Michael Rowe

Trying to get better at getting better

AI in health professions education: Moving beyond binary thinking

We’re facing a pivotal moment in HPE where AI is rapidly entering our classrooms, simulation labs, and clinical teaching environments. The discourse around AI integration in health professions education often falls into two simplistic camps: “AI is destroying learning” versus “AI will revolutionise everything.” Neither position serves us well.

The false dichotomy

Saying that AI is bad for learning is like saying humans are bad for learning because some teachers use ineffective methods. This framing misses a fundamental truth: good pedagogy is good pedagogy, regardless of who—or what—facilitates it.

When we dismiss AI categorically, we’re being intellectually lazy. Instead of examining specific implementations and their alignment with sound educational principles, we’re allowing fear or unfamiliarity to drive our decision-making.
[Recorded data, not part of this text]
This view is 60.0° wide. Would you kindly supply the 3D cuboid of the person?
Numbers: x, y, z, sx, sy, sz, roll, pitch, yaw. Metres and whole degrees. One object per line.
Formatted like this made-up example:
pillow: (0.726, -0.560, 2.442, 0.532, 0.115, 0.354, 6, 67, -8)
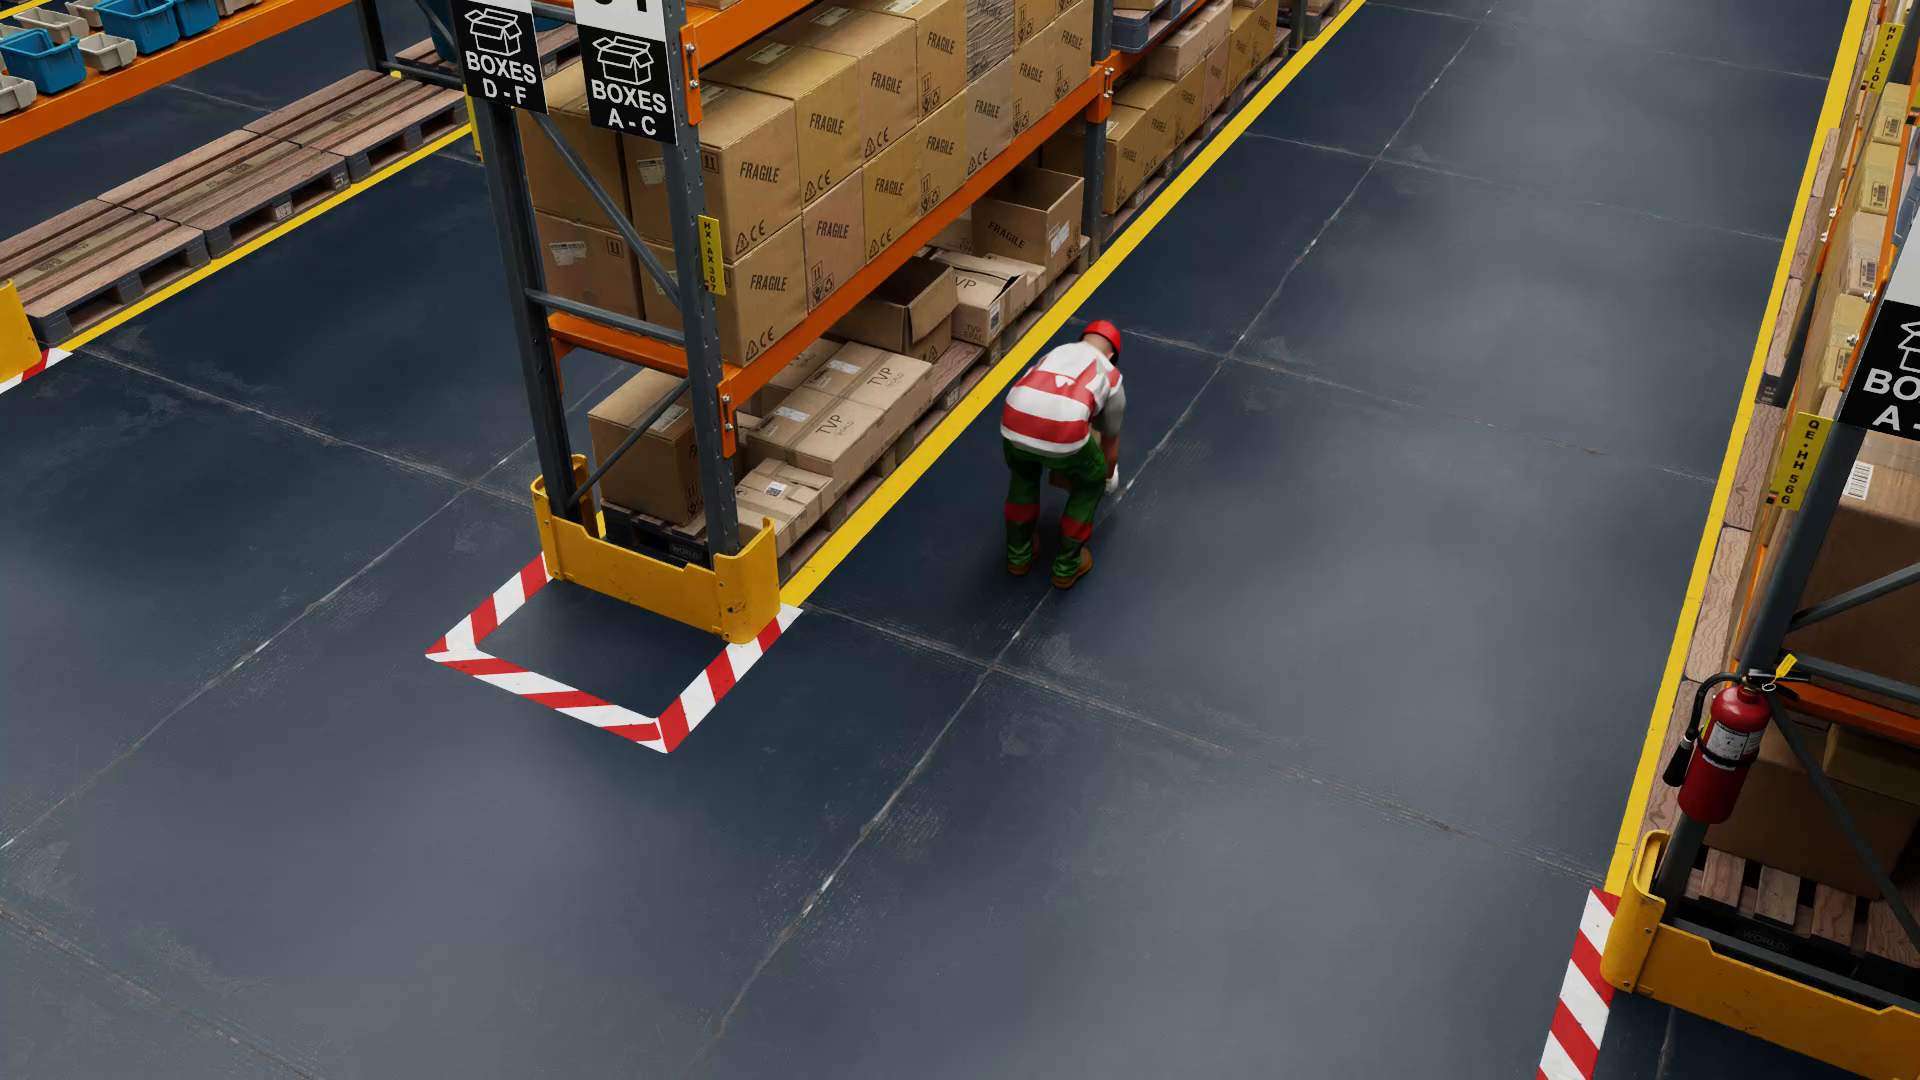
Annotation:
person: (0.514, -0.424, 7.844, 0.506, 1.095, 0.965, 16, 40, 20)

The health professions context

In health professions education, this conversation takes on additional complexity:

  1. Clinical reasoning development: AI tools can provide students with varied case presentations and immediate feedback on diagnostic reasoning, but without proper scaffolding, they might short-circuit the struggle that builds expertise.
  2. Professional identity formation: Learning to be a healthcare professional involves more than knowledge acquisition—it requires role modelling, reflection, and community. How do we ensure AI complements rather than replaces these human elements?
  3. Patient safety: The stakes in health professions education are uniquely high. How do we leverage AI while ensuring students develop the vigilance and responsibility needed for patient care?

Principles for AI Integration in health professions education

Instead of looking for all the ways that AI fails in the education context, let’s instead focus on how it can be implemented effectively:

  • Alignment with learning objectives: AI tools should serve clearly defined educational goals, not be used simply because they’re available.
  • Appropriate scaffolding: As with any teaching method, AI-enhanced learning requires thoughtful scaffolding that gradually transfers responsibility to the learner.
  • Authentic assessment: If we’re concerned about AI enabling shortcuts, we should design assessments that evaluate applied knowledge and skills in authentic contexts.
  • Ethical framework: Students should understand both the capabilities and limitations of AI in healthcare, developing critical perspectives on when and how to use these tools.

Moving forward together

As a community of health professions educators, we have both the responsibility and opportunity to shape AI integration in health professions education. Rather than outsourcing this critical conversation to technologists or administrators, we must actively engage with these tools, evaluate their impacts, and share our findings.

The question isn’t whether AI belongs in health professions education—it’s already here. The real question is how we can harness its potential while preserving the human connection, clinical wisdom, and ethical foundation that define excellence in healthcare.